Gilbert Keith Chesterton (1874-1936) cannot be summed up in one sentence. Nor in one paragraph. In fact, in spite of the fine biographies that have been written of him, he has never been captured between the covers of one book. But rather than waiting to separate the goats from the sheep, let’s just come right out and say it: G.K. Chesterton was the best writer of the 20th century. He said something about everything and he said it better than anybody else. But he was no mere wordsmith. He was very good at expressing himself, but more importantly, he had something very good to express. The reason he was the greatest writer of the 20th century was because he was also the greatest thinker of the 20th century.

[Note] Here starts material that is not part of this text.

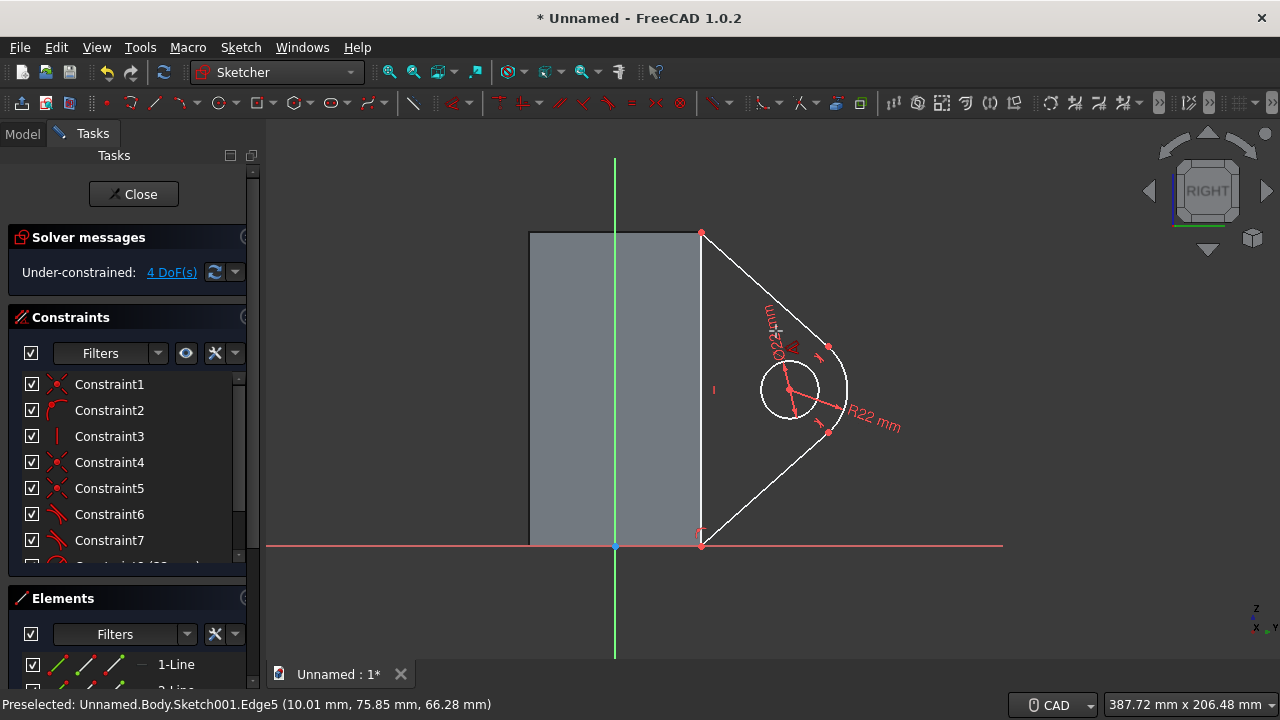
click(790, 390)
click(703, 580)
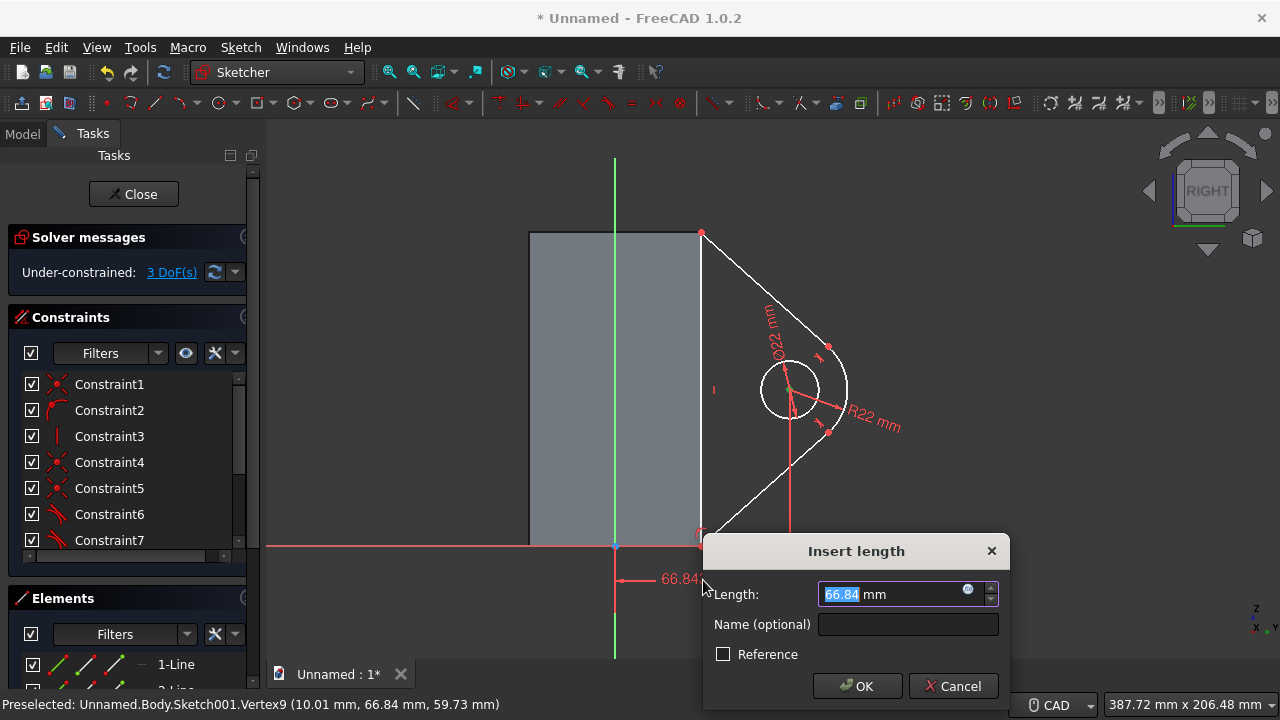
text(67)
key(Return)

Born in London, G.K. Chesterton was educated at St. Paul’s, but never went to college. He went to art school. In 1900, he was asked to contribute a few magazine articles on art criticism, and went on to become one of the most prolific writers of all time. He wrote a hundred books, contributions to 200 more, hundreds of poems, including the epic Ballad of the White Horse, five plays, five novels, and some two hundred short stories, including a popular series featuring the priest-detective, Father Brown. In spite of his literary accomplishments, he considered himself primarily a journalist. He wrote over 4000 newspaper essays, including 30 years worth of weekly columns for the Illustrated London News, and 13 years of weekly columns for the Daily News. He also edited his own newspaper, G.K.’s Weekly. (To put it into perspective, four thousand essays is the equivalent of writing an essay a day, every day, for 11 years. If you’re not impressed, try it some time. But they have to be good essays – all of them – as funny as they are serious, and as readable and rewarding a century after you’ve written them.)

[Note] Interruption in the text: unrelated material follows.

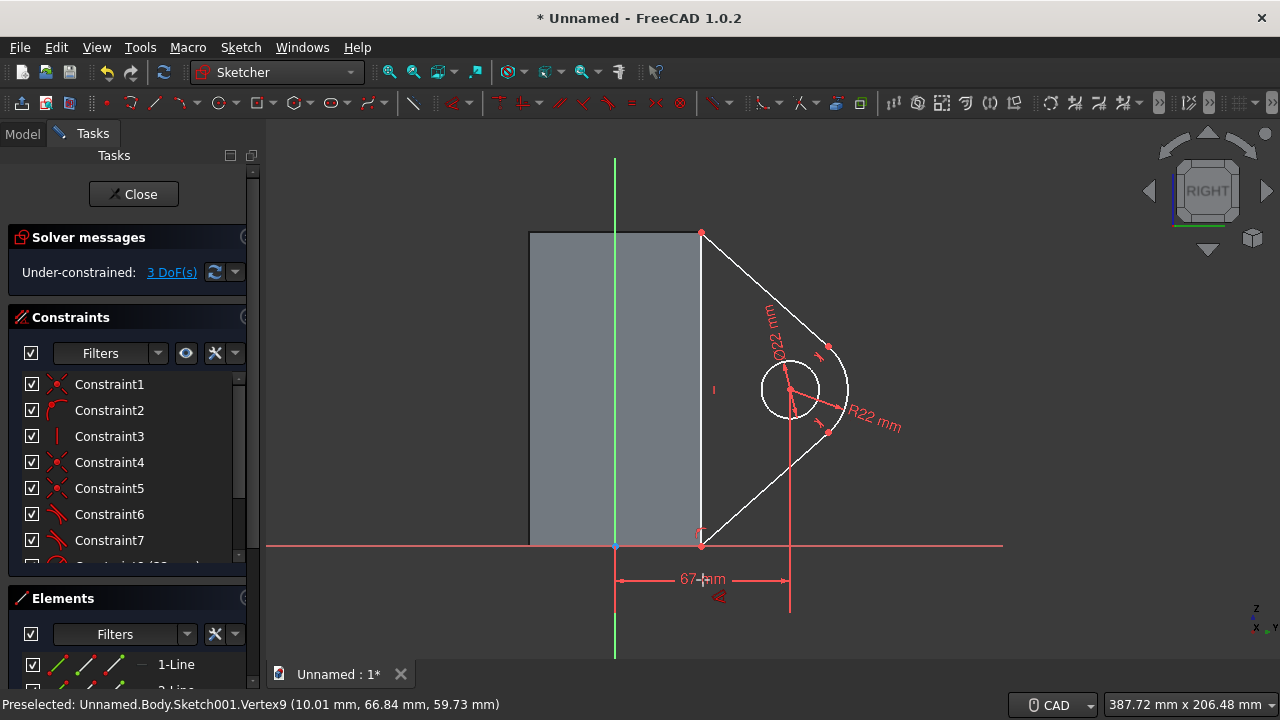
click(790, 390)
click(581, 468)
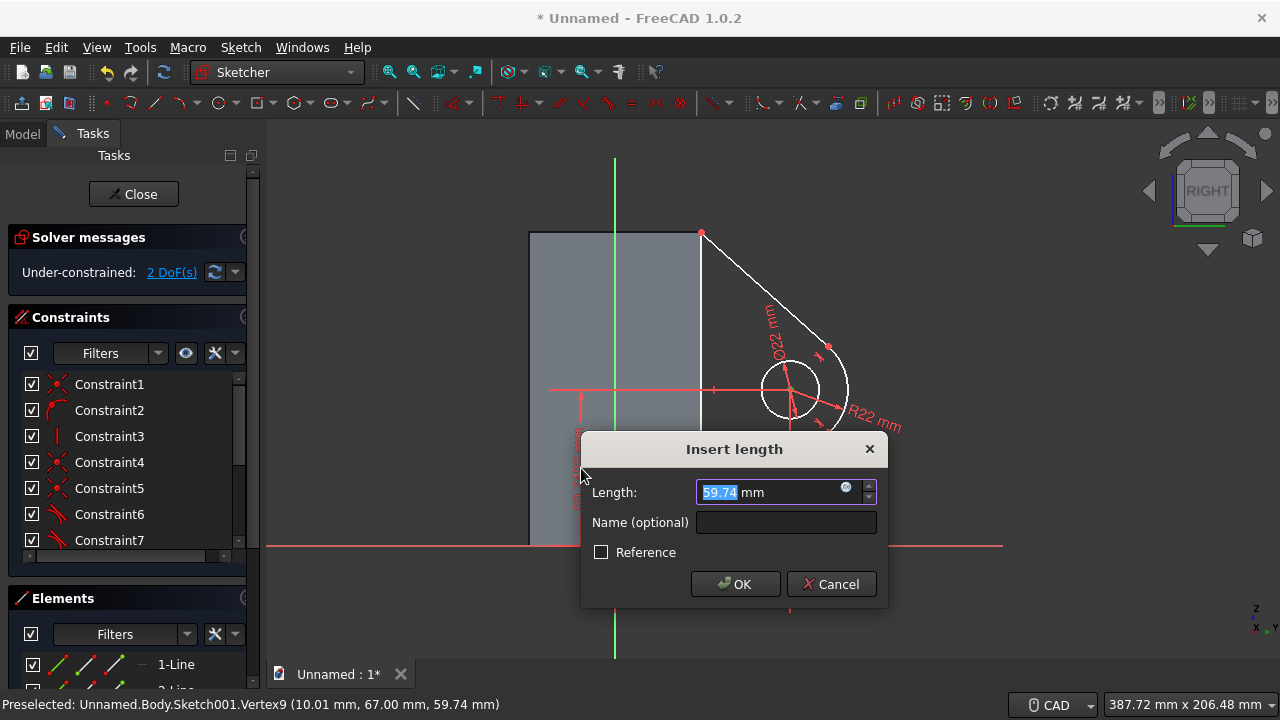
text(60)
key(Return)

Chesterton was equally at ease with literary and social criticism, history, politics, economics, philosophy, and theology. His style is unmistakable, always marked by humility, consistency, paradox, wit, and wonder. His writing remains as timely and as timeless today as when it first appeared, even though much of it was published in throw away papers.

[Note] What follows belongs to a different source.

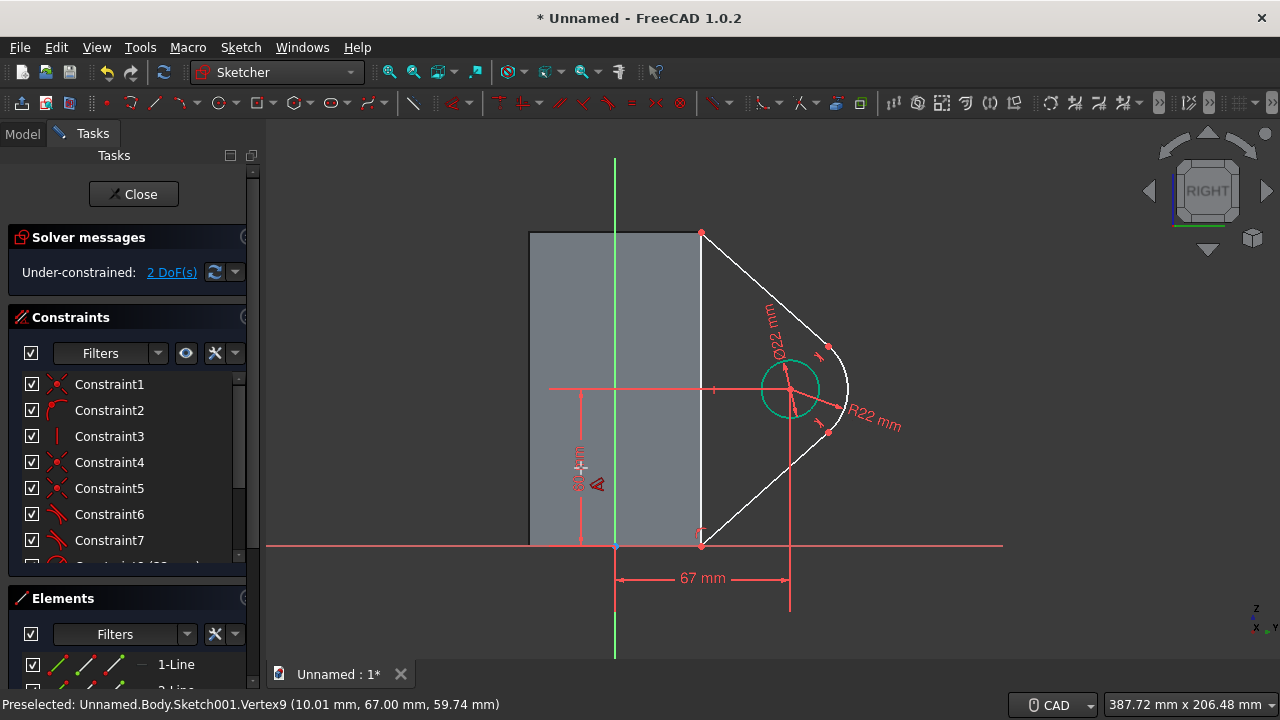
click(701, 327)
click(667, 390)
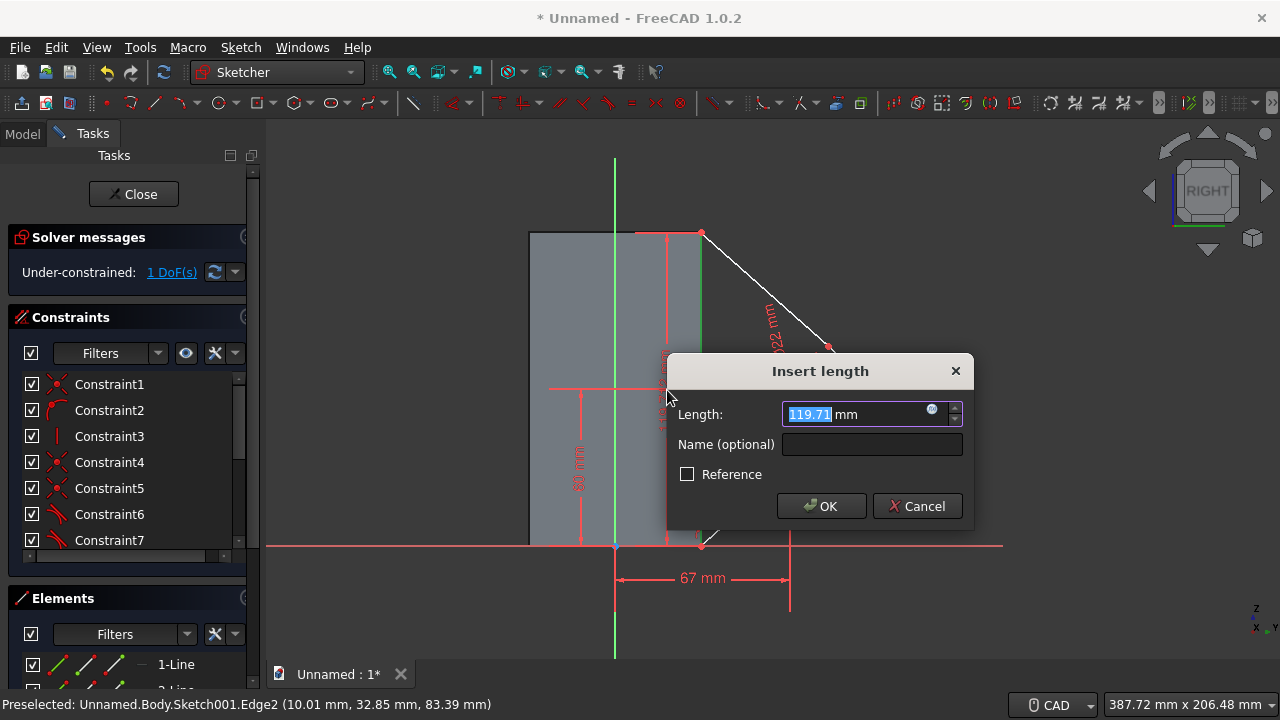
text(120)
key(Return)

Chesterton debated many of the celebrated intellectuals of his time: George Bernard Shaw, H.G. Wells, Bertrand Russell, Clarence Darrow. According to contemporary accounts, Chesterton usually emerged as the winner of these contests, however, the world has immortalized his opponents and forgotten Chesterton, and now we hear only one side of the argument, and we are enduring the legacies of socialism, relativism, materialism, and skepticism. Ironically, all of his opponents regarded Chesterton with the greatest affection. And George Bernard Shaw said: “The world is not thankful enough for Chesterton.”

His writing has been praised by Ernest Hemingway, Graham Greene, Evelyn Waugh, Jorge Luis Borges, Gabriel Garcia Marquez, Karel Capek, Marshall McLuhan, Paul Claudel, Dorothy L. Sayers, Agatha Christie, Sigrid Undset, Ronald Knox, Kingsley Amis, W.H. Auden, Anthony Burgess, E.F. Schumacher, Neil Gaiman, and Orson Welles. To name a few.

Chesterton argued eloquently against all the trends that eventually took over the 20th century: materialism, scientific determinism, moral relativism, and spineless agnosticism. He also argued against both socialism and capitalism and showed why they have both been the enemies of freedom and justice in modern society.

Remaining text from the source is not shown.